Friendships and relationships built on constant sacrifice from one side are neither healthy nor sustainable. The moment care turns into obligation, resentment begins to grow. True connection should never make you feel guilty for choosing yourself, nor should it punish you for saying no.

The danger of people-pleasing is that it convinces you that your value lies in how much you can give, do, or endure for others. But in reality, your value is not measured in sacrifices, it is measured in authenticity, respect, and balance.

To reclaim yourself, you must learn the courage of boundaries. Boundaries are not walls, they are doors that remind others where respect begins. Saying no is not unkind, it is necessary. Protecting your energy is not selfish, it is survival.

At the end of the day, the people who truly love and respect you will never demand what you cannot give. They will meet you with understanding, not expectation. And that is the difference between being used and being valued.

Now I choose to be valued, but most importantly to respect myself enough not to buy love or affection.

The cost of giving too much..

There comes a point in life when giving ceases to be an act of kindness and becomes an act of self-destruction. I have learned this truth the hard way.

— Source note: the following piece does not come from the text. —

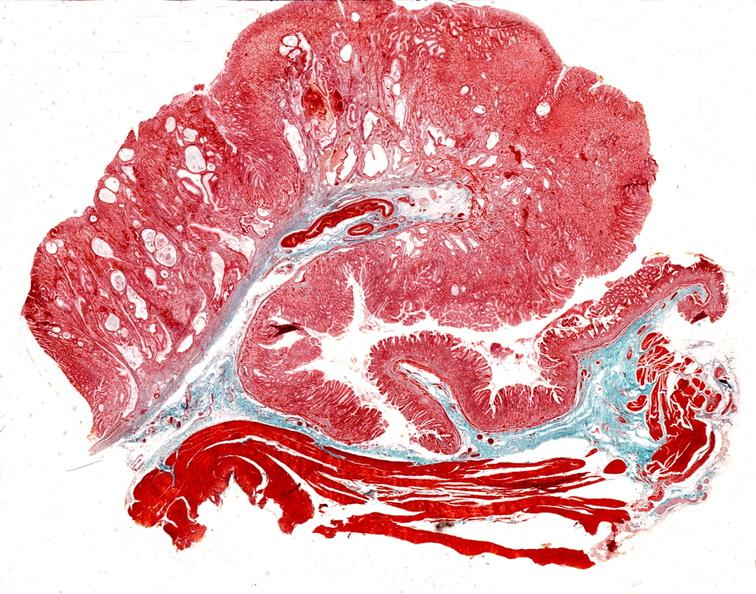does this image show stomach, giant rugose hyperplasia?
Answer the question using a single word or phrase. Yes

I gave of myself endlessly, my time, my energy, my love, my resources, until I found myself drained emotionally, worn down physically, overwhelmed mentally, and even burdened materially.

The sad reality is that when you give too much, people begin to expect it. What was once appreciated becomes demanded. What was once seen as generosity turns into obligation. And slowly, without realizing it, you start losing yourself in the process of keeping everyone else whole.

But I am no longer willing to be diminished in the name of being “selfless.” I cannot pour from an empty cup, and I will not allow my own well-being to be sacrificed on the altar of others expectations.

This is not about selfishness, it is about survival. It is about choosing balance over burnout, boundaries over exhaustion, and peace over people-pleasing. I still believe in kindness, in giving, in love, but not at the cost of my own spirit, not anymore.

From here on, I choose to protect my heart, my health, and my sanity. Those who truly value me will understand, and those who do not were never worthy of all I gave in the first place.